A similar sentence wanted ke before ikiiki. 'Ae ke ikiiki o Hilo, but this one does not need ke? I understand that ke (or ka) is a definite article but I don't yet understand when to use it for these weather phrases.

I would also argue that this isn't the best topic to use for the distinction between possessive and the preposition in. I am having a hard time with o Hilo vs. i Hilo.


Okay seriously, what's the criteria for using "i kēia lā" instead of just "kēia lā"? Itʻs annoying me now


In all the nuances of 'ōlelo Hawai'i, surely there's a way to distinguish between the situations when today is "kēia lā" and when it's just "kēia" - mana'o anyone?


There is no one word for today - to say today in Hawaiian, you are actually saying this day - "kēia lā". The word "kēia" only means this.


Yes, and sometimes the program wants "kēia lā" and sometimes it wants "kēia." IS there a way to know which to use in a given situation?


Yes. As Kelii mentioned above, Kēia mearly means this. Therefore if the translation is asking for This is pretty, you want He nani kēia. If you want a pretty day, you want He la nani. And if you want Today (this day) is a pretty day, then you want He la nani I kēia la. So when you see kēia la you know it means today, and la means day, and a solo kēia just means this. Savvy?


I thought day was "lā". But what do I know?


Yes, la is "day." Re-read the above explanation.


That is super helpful. Thank you!


That's exactly what i was just trying to figure out!

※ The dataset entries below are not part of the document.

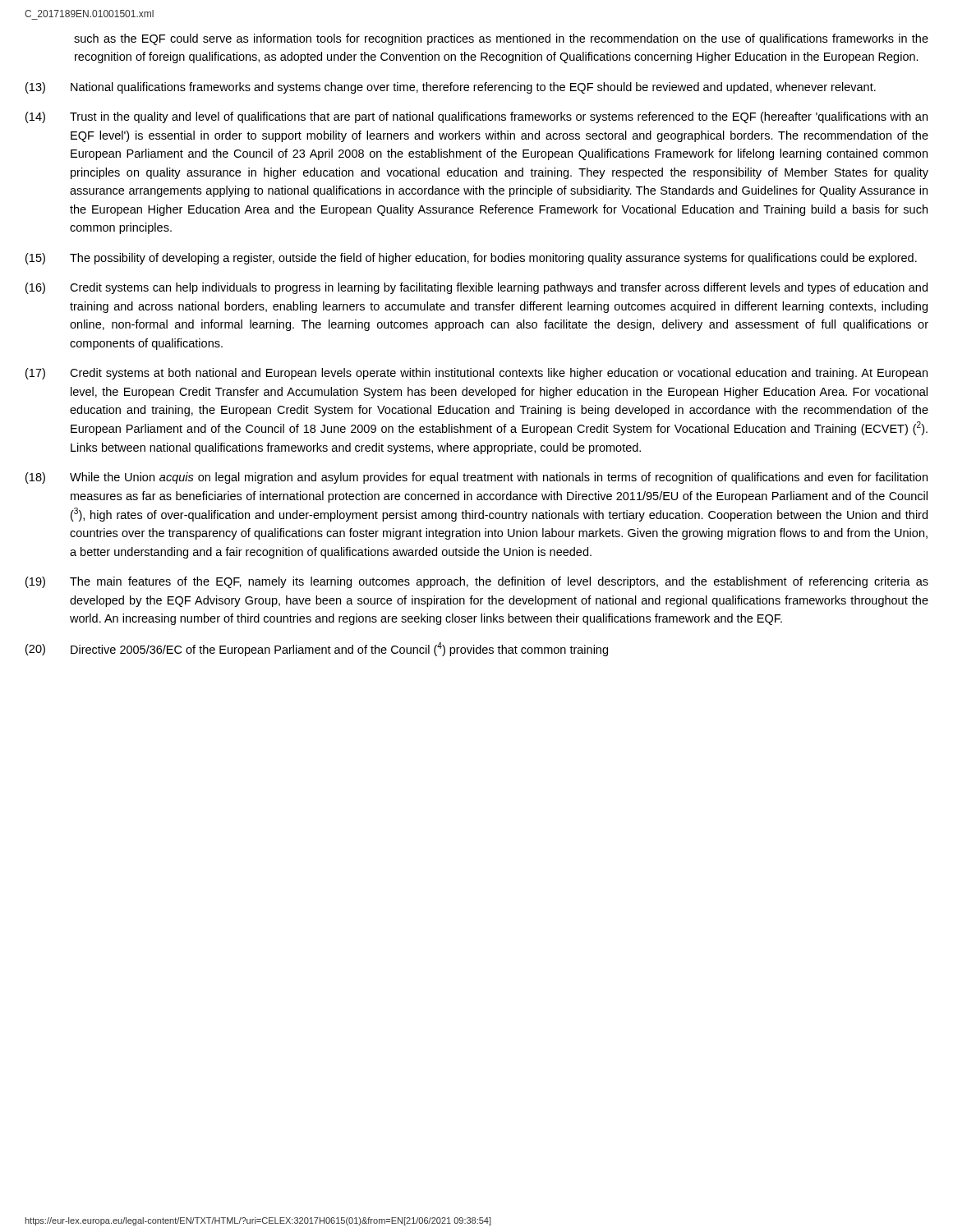Where is the passage that starts "(15) The possibility of developing a register,"?
This screenshot has width=953, height=1232.
pyautogui.click(x=476, y=258)
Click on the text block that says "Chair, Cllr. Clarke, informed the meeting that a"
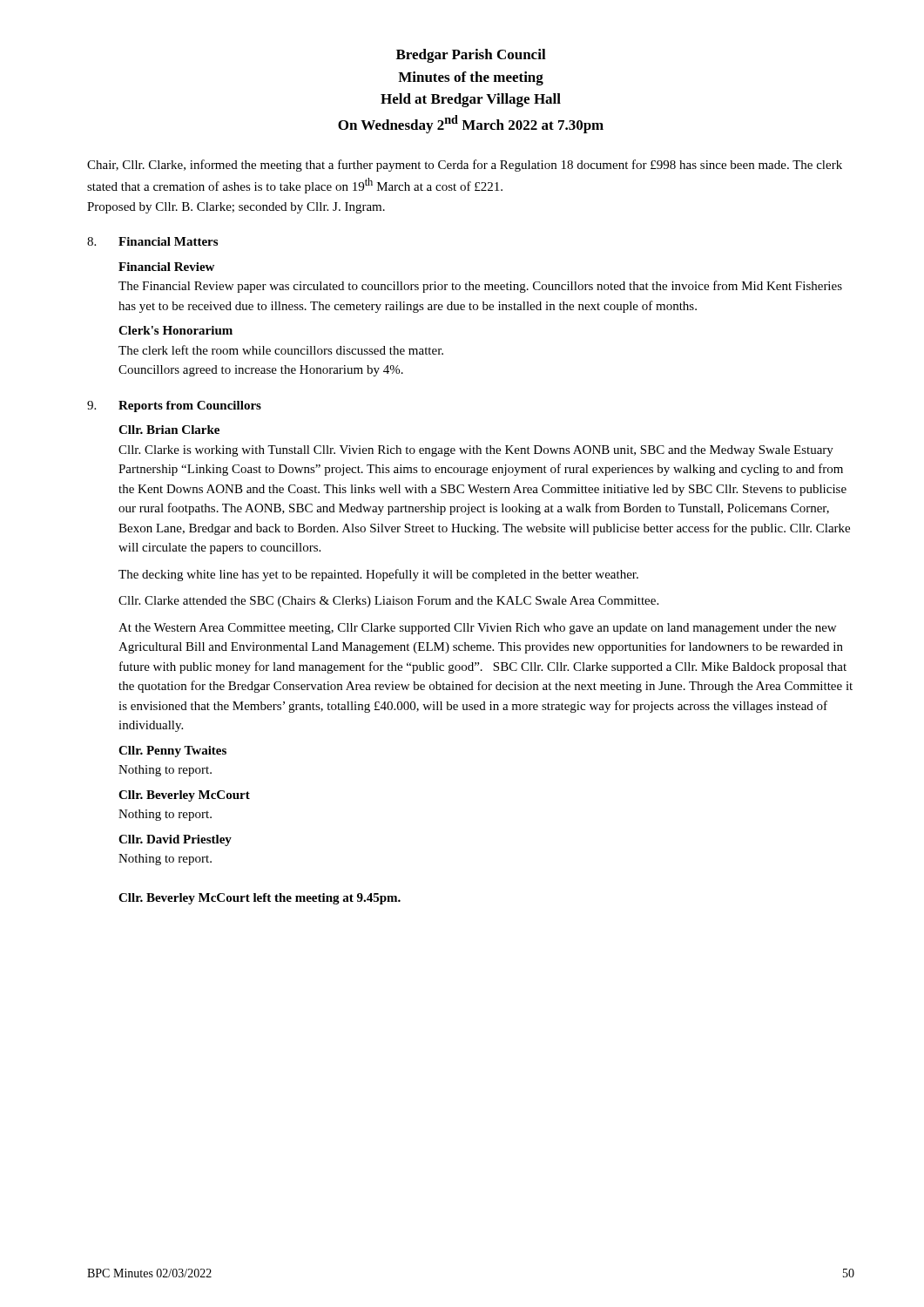924x1307 pixels. coord(465,185)
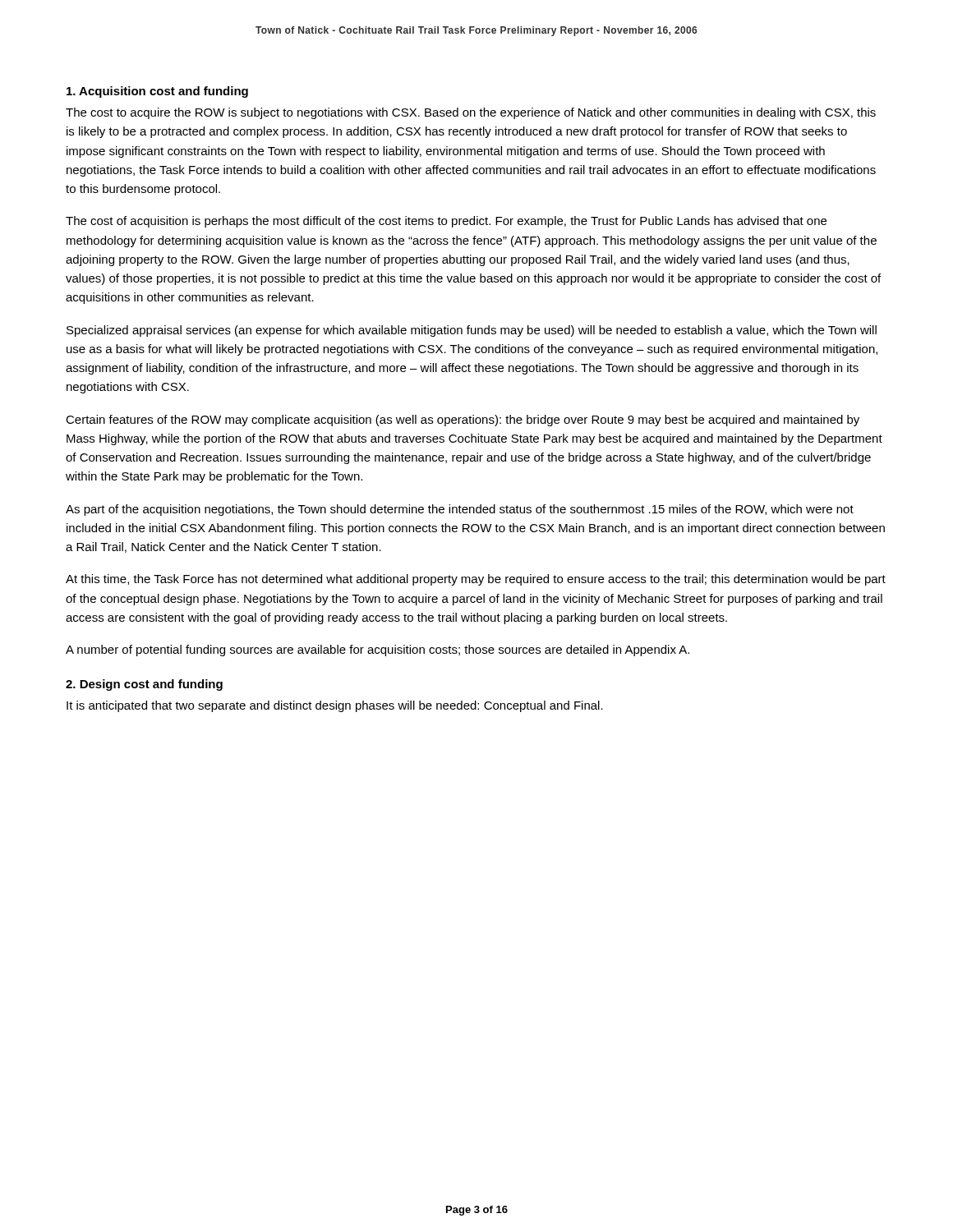Point to the element starting "At this time, the Task"
Screen dimensions: 1232x953
pyautogui.click(x=476, y=598)

Tell me please, could I say: ʻAe, ka wela o kēia lā. If I meant: Yes, there is a heat today. Would it be grammatically correct?

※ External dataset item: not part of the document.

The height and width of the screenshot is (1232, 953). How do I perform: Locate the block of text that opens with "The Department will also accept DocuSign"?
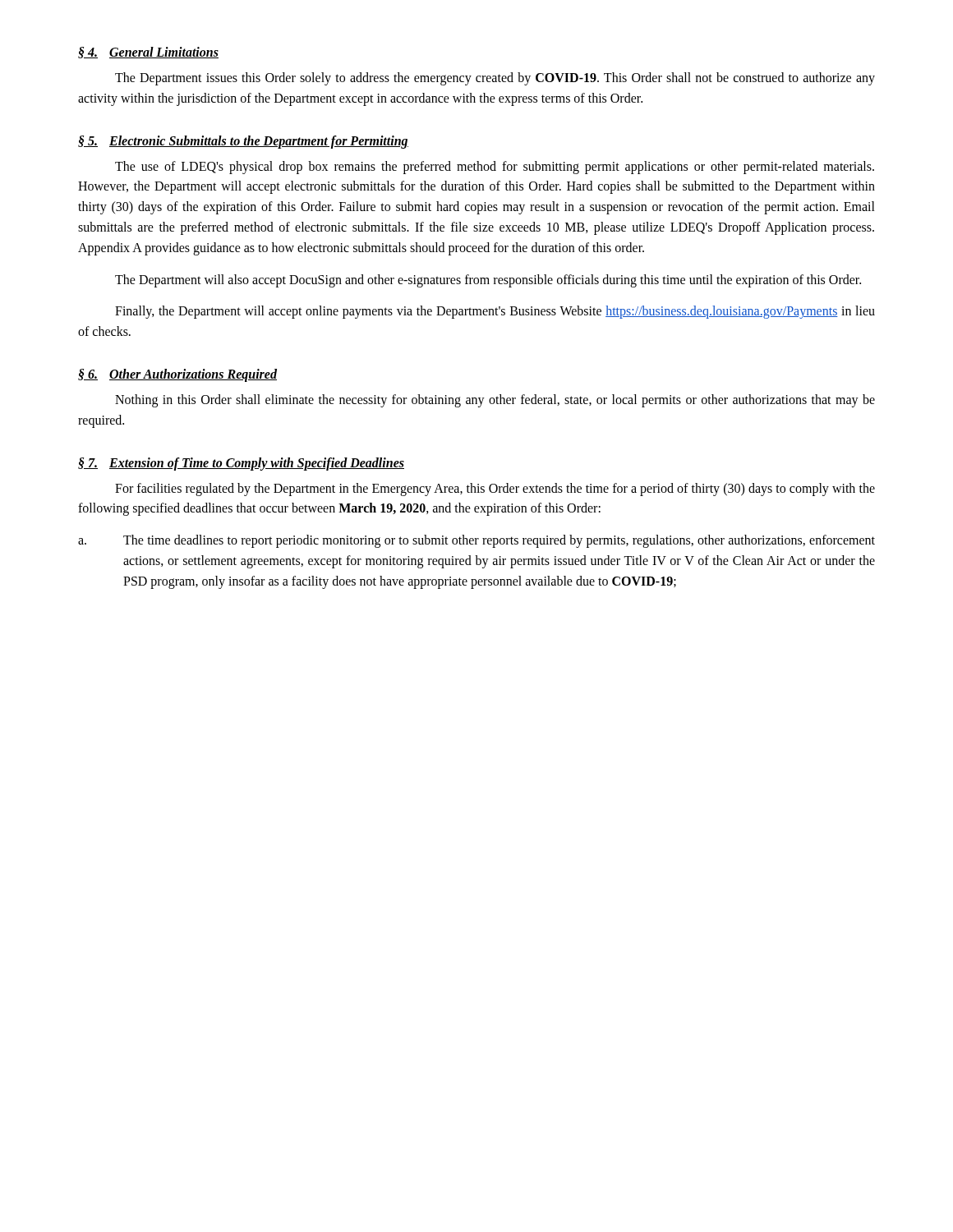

That structure of yours would not work as is. it is just a noun phrase. It just means - Yes, the heat of today (this day). There is no expression in Hawaiian equivalent to There is/are. It is best to say Wela kēia lā. or Wela i kēia lā. If you want to use wela as a noun, then you could say He wela ko kēia lā. or He wela i kēia lā.


Thank you for respond! I got it! But i'm puzzled with the sentence you wrote: Wela i kēia lā. Here is no subject? No 'ka' and 'i' precedes 'kēia'. Is it possible? And I also feel hesitancy about indefinite article here: He wela i kēia lā. I haven't noticed this during lessons, only 'ka', 'Ka makani i kēia lā'.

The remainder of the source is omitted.